-- Study material --
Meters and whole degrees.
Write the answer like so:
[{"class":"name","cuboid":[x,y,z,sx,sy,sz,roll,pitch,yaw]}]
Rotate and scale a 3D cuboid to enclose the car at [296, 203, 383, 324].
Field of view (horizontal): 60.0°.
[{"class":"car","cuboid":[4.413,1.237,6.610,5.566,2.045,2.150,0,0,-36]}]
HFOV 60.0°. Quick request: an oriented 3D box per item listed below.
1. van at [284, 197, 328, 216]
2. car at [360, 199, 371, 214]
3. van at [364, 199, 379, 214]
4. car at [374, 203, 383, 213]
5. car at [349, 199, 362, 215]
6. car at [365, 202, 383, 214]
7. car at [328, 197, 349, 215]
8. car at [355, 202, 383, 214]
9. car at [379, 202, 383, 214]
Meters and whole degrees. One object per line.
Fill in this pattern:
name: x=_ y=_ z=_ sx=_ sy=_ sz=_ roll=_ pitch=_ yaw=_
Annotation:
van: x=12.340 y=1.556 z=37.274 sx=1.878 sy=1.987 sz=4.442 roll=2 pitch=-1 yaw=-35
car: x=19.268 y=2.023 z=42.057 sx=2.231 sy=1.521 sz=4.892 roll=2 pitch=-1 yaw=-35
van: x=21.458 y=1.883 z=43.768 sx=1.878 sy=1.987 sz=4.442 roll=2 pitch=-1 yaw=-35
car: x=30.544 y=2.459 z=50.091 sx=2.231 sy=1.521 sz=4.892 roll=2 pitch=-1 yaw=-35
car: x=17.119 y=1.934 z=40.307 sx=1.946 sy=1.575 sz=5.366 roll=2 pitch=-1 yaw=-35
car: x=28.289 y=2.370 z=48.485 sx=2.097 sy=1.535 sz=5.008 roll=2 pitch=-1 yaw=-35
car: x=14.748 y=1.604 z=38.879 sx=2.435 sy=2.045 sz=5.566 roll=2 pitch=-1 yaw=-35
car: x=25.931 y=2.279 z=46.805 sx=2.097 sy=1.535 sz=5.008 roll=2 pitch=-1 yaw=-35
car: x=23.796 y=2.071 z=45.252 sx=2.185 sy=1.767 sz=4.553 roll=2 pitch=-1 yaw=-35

---

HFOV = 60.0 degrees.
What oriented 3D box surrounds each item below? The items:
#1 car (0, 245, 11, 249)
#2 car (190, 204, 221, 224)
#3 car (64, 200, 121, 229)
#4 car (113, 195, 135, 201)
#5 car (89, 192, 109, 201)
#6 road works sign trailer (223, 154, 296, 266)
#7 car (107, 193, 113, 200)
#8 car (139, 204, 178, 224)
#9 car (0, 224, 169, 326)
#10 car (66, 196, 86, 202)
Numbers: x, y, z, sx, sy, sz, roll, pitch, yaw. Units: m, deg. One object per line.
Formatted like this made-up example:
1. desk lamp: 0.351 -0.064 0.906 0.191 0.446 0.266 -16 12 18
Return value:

--

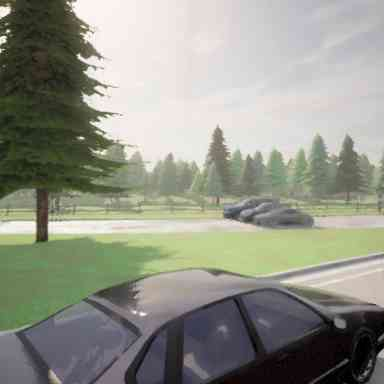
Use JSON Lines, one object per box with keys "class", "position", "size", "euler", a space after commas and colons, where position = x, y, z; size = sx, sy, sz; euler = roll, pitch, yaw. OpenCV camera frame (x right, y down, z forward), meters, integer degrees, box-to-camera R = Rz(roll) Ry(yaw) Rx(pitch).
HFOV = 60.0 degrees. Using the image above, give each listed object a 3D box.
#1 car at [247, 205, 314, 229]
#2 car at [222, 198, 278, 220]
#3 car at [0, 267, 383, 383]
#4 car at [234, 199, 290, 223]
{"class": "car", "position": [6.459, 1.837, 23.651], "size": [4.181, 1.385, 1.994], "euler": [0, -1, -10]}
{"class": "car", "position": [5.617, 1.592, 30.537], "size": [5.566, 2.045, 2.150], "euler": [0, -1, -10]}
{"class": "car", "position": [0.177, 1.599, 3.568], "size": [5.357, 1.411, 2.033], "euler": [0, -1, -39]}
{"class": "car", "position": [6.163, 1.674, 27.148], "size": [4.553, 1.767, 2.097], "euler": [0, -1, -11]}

-- Problem details --
Checking each line of the data, count the ones containing "below", and give only that count.

-- Task answer --
2